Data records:
>>

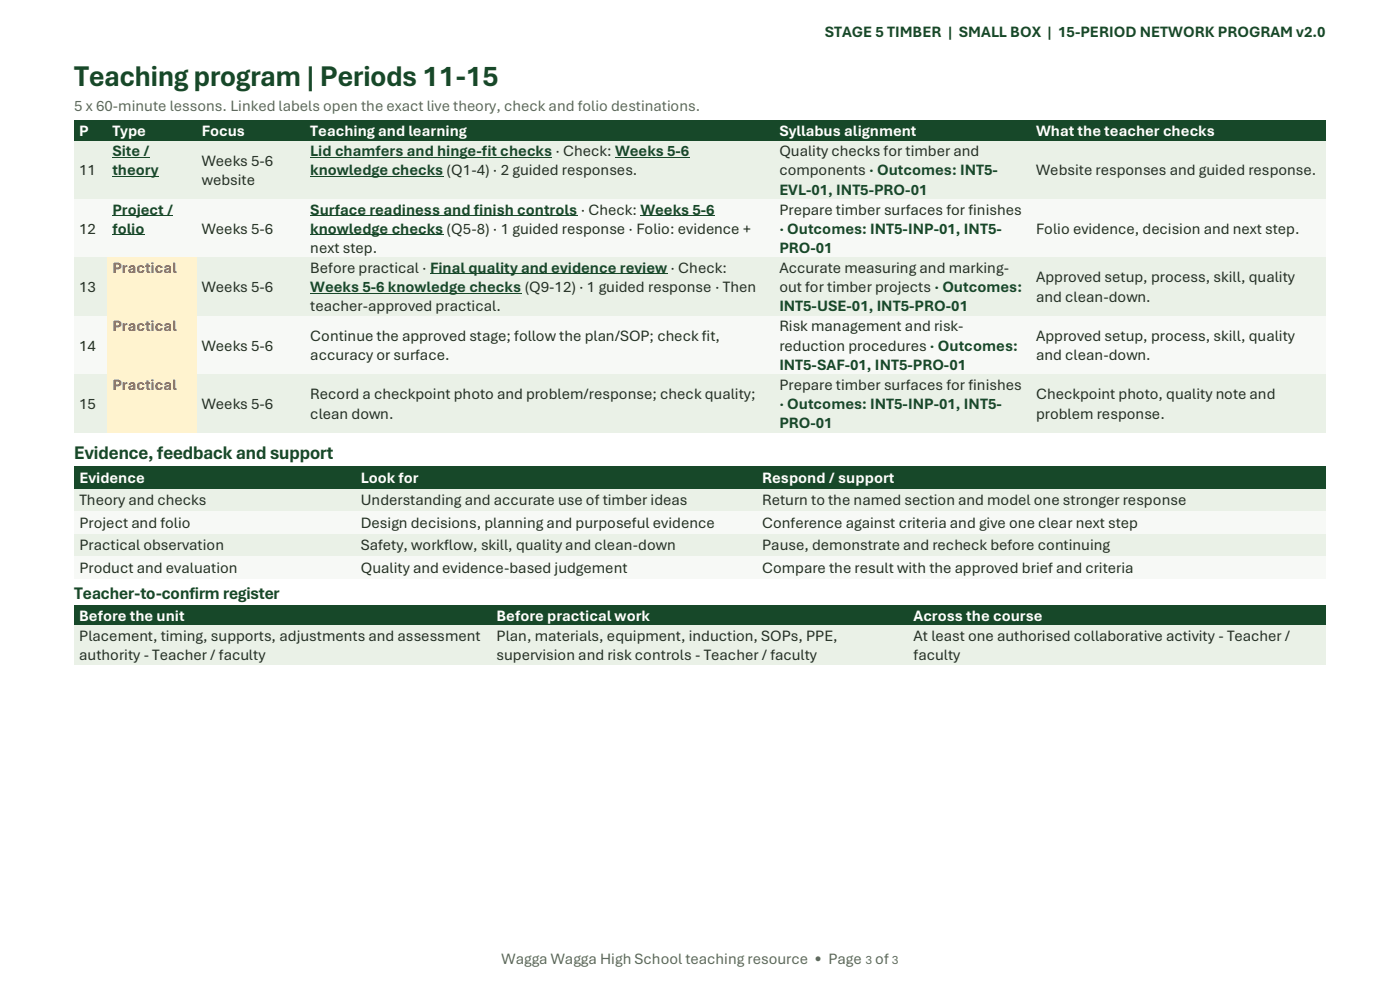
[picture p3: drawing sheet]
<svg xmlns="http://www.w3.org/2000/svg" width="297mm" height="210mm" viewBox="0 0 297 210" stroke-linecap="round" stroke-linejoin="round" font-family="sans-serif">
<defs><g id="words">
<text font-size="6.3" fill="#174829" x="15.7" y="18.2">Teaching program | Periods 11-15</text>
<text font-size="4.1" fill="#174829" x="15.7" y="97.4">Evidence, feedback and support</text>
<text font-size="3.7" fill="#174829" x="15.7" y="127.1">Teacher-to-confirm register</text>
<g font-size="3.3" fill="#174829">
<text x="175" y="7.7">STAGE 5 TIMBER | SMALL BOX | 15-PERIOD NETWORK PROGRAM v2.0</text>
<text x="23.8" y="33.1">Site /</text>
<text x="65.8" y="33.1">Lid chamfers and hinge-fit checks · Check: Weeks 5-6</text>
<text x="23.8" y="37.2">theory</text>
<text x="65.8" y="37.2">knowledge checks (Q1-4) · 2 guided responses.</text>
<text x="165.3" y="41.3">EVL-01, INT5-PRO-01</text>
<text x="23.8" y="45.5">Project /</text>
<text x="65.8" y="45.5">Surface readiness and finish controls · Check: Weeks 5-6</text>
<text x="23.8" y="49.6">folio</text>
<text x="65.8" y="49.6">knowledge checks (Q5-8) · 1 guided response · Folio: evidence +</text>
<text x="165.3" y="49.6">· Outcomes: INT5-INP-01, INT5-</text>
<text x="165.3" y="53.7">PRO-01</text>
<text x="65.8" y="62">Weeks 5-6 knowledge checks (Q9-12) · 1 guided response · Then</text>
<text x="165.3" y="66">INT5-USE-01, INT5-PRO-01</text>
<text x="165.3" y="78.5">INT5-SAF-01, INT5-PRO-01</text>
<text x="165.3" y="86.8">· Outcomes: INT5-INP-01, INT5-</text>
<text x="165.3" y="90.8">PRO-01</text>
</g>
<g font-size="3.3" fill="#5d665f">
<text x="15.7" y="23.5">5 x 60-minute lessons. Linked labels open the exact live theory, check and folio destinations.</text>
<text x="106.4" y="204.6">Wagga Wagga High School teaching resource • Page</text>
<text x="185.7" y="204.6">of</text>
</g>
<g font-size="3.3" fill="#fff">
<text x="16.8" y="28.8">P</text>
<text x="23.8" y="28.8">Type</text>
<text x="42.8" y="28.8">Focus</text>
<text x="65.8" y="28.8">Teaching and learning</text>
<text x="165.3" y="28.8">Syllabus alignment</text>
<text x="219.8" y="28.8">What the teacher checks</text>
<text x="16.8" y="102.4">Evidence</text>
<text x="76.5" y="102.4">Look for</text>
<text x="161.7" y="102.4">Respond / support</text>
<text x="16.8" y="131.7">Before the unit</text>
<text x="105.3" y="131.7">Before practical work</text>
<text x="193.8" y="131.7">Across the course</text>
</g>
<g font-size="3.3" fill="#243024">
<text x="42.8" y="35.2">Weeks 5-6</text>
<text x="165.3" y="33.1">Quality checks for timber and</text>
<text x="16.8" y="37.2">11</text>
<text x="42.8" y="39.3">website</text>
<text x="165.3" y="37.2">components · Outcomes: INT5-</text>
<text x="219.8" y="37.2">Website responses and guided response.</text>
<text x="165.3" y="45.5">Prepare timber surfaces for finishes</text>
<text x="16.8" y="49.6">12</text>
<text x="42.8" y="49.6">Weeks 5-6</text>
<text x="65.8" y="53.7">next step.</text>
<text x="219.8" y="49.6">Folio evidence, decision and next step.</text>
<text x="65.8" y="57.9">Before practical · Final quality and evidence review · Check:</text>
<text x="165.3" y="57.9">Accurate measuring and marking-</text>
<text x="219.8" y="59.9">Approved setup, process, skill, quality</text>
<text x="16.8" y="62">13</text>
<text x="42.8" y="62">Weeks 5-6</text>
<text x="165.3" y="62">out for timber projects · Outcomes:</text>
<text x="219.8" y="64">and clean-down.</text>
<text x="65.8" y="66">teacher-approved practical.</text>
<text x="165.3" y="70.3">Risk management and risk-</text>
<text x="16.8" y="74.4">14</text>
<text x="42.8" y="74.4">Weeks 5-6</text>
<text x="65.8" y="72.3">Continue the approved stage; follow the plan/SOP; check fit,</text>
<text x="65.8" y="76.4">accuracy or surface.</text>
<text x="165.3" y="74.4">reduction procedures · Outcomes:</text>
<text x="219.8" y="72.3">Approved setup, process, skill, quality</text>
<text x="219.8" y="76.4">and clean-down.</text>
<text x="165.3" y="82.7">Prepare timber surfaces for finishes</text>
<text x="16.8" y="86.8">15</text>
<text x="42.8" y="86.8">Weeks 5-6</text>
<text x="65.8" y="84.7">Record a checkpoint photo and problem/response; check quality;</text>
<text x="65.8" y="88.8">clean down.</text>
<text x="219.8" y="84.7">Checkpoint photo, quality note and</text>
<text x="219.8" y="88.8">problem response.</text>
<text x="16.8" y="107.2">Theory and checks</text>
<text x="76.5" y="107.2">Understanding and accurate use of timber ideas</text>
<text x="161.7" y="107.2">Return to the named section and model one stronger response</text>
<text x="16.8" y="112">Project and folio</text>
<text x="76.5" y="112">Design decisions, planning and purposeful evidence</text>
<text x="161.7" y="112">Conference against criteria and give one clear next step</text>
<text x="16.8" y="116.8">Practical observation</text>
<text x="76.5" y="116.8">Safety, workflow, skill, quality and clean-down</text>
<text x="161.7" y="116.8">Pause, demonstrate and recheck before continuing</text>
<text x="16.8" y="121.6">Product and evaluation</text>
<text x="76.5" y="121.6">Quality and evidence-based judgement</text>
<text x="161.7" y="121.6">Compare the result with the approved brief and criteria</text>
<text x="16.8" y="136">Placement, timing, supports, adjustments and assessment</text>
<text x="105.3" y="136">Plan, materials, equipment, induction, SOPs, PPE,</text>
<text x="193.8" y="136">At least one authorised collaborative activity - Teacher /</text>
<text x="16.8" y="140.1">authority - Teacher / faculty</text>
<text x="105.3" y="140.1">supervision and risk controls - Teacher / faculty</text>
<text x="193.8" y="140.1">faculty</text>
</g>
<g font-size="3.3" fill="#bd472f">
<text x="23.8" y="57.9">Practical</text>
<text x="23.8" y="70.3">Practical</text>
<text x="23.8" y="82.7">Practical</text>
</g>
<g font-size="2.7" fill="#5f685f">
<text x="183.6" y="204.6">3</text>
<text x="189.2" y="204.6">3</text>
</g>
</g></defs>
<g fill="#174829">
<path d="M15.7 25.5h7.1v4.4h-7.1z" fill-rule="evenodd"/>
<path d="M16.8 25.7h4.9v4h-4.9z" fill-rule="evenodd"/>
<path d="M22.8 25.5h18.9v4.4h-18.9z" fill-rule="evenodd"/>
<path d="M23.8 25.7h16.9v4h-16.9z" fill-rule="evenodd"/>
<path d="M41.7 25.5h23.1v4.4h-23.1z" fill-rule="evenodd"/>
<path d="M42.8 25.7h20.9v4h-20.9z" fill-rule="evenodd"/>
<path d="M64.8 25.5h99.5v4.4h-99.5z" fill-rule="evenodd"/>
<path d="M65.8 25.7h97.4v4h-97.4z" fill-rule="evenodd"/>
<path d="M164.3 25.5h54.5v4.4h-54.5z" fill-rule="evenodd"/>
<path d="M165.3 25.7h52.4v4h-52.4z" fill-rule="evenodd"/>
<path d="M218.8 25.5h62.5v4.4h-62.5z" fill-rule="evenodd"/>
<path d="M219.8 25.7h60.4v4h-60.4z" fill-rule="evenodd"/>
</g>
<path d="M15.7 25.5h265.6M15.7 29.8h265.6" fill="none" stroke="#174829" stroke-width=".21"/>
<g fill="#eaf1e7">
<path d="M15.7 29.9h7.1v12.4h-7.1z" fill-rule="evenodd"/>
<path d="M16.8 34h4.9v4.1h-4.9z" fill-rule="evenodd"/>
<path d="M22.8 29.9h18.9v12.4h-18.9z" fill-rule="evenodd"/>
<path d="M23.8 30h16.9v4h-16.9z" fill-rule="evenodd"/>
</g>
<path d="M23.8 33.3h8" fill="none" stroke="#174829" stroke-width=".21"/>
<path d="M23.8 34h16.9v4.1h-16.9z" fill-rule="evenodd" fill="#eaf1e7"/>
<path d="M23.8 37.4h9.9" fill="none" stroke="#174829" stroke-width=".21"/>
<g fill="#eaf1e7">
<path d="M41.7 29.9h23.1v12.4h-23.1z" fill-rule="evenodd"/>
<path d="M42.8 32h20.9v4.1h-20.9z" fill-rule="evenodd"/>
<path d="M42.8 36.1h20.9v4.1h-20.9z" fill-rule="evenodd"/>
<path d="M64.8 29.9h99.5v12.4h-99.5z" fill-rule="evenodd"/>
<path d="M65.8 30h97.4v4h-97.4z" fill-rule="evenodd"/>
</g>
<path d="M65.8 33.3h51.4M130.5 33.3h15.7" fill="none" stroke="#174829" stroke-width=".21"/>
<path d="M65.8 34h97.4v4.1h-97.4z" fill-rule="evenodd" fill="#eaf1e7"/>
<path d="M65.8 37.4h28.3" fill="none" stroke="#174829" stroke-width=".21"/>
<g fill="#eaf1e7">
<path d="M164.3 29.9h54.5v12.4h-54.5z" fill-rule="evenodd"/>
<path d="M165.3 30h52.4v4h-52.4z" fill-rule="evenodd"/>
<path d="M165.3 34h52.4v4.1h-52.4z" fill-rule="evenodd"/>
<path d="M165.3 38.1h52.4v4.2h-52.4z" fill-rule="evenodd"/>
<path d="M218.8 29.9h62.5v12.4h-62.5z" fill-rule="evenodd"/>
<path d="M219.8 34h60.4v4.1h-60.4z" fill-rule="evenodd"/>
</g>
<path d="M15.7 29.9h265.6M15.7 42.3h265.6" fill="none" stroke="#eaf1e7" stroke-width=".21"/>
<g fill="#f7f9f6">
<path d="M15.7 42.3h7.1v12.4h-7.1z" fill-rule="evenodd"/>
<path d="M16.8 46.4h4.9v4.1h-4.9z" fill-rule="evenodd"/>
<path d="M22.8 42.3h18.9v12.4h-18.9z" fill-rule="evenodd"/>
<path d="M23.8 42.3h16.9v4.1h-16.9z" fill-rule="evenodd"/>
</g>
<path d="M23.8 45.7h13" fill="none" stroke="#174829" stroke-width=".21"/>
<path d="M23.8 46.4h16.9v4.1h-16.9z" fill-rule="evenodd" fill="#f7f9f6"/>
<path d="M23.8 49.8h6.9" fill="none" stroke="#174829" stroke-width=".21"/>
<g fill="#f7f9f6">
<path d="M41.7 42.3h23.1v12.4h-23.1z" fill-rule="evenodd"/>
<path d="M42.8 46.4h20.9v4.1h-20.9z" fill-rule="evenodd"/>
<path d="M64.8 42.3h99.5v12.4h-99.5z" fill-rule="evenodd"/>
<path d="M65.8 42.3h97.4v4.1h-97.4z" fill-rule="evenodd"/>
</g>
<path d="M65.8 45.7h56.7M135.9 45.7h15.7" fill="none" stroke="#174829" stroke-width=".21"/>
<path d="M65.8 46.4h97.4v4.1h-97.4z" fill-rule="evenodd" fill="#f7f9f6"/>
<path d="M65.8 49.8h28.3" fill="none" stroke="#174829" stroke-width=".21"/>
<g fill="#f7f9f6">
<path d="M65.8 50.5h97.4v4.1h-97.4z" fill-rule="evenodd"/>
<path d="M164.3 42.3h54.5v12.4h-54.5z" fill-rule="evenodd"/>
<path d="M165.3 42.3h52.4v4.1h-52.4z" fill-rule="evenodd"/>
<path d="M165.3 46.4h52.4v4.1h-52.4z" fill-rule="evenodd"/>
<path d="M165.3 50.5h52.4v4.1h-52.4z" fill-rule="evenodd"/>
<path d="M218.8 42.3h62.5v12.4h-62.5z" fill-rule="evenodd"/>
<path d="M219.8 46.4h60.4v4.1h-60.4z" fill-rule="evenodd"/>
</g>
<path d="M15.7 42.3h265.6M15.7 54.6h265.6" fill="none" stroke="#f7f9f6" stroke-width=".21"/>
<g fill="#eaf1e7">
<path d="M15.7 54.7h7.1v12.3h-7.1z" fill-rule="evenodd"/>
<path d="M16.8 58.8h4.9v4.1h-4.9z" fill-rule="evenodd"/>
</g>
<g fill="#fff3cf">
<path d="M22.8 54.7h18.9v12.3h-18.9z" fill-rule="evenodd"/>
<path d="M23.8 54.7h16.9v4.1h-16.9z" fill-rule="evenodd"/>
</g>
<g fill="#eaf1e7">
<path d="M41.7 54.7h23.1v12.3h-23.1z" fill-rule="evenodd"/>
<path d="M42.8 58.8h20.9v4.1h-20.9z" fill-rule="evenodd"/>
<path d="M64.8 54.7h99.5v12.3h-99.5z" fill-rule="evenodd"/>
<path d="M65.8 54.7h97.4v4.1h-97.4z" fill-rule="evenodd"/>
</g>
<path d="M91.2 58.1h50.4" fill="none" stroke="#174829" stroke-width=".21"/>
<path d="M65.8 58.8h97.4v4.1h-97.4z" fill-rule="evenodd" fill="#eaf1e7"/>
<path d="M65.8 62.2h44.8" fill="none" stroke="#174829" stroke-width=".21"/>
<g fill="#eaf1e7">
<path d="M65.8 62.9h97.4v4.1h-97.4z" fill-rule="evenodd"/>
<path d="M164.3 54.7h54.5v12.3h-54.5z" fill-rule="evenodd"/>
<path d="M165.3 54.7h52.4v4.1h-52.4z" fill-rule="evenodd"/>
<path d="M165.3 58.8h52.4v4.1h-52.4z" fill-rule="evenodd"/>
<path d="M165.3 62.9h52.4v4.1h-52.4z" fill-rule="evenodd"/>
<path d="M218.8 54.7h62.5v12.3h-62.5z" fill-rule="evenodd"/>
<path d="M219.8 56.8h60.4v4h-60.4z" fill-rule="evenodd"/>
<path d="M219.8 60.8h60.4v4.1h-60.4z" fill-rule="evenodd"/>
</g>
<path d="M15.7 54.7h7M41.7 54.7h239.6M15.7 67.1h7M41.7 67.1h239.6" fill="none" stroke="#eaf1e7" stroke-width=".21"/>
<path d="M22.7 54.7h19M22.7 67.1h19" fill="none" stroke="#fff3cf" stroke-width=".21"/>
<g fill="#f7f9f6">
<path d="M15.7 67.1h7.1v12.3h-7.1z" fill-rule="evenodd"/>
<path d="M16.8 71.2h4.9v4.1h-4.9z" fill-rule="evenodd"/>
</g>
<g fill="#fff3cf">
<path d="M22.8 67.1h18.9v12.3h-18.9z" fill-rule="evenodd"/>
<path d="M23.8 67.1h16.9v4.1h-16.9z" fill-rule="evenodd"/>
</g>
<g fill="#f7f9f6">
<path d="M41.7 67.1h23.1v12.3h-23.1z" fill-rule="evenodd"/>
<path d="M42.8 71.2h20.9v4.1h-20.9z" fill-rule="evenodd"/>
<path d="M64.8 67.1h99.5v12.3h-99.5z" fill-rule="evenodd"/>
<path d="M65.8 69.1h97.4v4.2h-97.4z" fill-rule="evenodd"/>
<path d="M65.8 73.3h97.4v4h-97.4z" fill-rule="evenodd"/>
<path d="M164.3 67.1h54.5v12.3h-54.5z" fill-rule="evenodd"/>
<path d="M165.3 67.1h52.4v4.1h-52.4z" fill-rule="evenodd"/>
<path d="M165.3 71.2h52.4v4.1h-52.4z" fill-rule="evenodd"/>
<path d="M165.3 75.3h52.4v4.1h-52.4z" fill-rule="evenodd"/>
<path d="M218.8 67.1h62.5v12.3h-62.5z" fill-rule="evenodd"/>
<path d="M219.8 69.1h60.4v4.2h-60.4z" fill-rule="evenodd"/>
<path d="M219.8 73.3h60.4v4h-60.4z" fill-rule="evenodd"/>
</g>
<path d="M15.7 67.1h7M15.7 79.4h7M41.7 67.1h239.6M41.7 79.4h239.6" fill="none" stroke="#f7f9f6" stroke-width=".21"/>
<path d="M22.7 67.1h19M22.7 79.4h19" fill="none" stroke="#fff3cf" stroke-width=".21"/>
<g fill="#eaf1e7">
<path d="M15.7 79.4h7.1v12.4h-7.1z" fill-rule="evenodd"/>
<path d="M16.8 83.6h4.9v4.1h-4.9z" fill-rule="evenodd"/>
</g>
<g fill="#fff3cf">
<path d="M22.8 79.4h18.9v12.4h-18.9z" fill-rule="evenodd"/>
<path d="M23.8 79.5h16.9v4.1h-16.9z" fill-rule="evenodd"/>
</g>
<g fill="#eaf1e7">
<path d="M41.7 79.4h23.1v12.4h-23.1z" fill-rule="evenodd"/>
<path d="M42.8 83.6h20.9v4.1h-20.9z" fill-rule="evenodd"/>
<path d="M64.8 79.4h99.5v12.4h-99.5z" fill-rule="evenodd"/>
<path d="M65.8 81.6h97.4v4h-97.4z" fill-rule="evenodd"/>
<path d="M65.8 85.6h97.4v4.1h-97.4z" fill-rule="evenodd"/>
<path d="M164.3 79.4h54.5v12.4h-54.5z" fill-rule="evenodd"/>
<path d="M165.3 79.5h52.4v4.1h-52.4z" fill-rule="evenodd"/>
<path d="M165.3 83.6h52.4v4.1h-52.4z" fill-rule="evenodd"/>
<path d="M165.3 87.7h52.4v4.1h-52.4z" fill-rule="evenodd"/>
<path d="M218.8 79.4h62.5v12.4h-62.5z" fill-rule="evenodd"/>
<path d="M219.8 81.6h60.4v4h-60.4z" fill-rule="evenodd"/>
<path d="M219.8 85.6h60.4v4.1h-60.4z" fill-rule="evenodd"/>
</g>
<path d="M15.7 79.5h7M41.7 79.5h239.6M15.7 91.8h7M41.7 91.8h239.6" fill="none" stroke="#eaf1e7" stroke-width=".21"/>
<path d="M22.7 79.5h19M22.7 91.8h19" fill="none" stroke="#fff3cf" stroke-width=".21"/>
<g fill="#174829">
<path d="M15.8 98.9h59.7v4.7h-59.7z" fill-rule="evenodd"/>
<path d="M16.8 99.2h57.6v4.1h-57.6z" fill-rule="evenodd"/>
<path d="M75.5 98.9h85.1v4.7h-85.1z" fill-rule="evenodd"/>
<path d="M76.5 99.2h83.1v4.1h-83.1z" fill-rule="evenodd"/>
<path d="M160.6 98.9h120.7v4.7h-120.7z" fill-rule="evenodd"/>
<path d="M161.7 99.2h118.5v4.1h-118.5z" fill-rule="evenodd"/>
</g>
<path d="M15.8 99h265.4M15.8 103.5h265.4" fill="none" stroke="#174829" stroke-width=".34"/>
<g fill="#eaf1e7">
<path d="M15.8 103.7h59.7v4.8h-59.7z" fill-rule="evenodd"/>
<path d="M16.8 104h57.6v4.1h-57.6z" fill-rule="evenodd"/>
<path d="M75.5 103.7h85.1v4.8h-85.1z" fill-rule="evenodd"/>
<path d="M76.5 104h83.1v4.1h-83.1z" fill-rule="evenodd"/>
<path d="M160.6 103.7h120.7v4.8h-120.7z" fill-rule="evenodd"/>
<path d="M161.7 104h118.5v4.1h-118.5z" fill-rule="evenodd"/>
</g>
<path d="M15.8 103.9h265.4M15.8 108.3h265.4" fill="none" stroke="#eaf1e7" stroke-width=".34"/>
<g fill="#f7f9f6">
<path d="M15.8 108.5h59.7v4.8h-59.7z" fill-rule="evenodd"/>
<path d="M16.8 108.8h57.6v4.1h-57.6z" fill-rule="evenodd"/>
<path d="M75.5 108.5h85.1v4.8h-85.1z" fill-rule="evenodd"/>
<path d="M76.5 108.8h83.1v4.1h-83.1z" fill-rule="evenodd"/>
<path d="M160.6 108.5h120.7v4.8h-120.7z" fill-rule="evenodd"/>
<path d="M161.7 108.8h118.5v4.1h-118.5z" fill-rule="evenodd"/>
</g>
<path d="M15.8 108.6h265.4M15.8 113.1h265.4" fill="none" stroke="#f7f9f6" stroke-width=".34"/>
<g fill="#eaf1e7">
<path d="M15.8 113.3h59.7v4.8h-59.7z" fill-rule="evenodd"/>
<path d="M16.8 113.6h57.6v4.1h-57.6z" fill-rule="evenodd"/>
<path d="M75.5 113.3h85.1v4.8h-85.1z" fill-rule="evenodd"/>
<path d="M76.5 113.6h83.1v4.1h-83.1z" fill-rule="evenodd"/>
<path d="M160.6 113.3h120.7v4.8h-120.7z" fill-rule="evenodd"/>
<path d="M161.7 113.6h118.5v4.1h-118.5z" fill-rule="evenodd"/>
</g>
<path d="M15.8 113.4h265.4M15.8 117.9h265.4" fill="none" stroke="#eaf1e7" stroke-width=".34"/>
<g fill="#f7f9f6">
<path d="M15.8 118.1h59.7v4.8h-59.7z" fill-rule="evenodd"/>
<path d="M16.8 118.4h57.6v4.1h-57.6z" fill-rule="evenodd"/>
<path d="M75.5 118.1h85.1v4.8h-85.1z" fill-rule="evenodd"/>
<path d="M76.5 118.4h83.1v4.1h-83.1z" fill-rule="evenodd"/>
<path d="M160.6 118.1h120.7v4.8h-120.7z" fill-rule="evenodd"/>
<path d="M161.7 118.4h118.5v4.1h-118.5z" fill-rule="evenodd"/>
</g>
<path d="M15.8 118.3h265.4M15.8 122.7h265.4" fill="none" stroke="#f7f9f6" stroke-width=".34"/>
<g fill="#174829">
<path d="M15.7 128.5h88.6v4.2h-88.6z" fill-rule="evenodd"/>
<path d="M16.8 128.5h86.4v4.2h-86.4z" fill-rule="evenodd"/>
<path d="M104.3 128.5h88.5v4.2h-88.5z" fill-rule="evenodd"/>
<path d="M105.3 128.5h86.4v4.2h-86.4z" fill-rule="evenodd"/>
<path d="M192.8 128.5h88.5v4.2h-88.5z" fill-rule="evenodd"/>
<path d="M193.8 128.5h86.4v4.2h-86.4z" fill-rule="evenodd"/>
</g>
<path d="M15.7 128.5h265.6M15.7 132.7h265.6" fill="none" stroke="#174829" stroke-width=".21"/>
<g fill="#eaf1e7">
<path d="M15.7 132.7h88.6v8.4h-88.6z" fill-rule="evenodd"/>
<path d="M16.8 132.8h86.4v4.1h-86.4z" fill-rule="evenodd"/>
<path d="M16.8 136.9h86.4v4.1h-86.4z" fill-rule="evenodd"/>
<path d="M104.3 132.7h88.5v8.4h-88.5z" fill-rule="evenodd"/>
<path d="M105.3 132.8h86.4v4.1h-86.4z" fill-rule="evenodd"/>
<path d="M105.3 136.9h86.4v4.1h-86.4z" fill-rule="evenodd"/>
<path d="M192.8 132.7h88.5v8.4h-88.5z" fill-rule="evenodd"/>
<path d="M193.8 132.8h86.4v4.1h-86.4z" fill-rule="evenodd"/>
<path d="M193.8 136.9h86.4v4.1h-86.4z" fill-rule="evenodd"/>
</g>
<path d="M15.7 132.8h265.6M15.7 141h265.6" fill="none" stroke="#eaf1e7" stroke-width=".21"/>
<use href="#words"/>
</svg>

<<

EXERCISE DESCRIPTION: From the data above, copy each line where the string "setup" appears.

SOLUTION TO THIS PROBLEM:
<text x="219.8" y="59.9">Approved setup, process, skill, quality</text>
<text x="219.8" y="72.3">Approved setup, process, skill, quality</text>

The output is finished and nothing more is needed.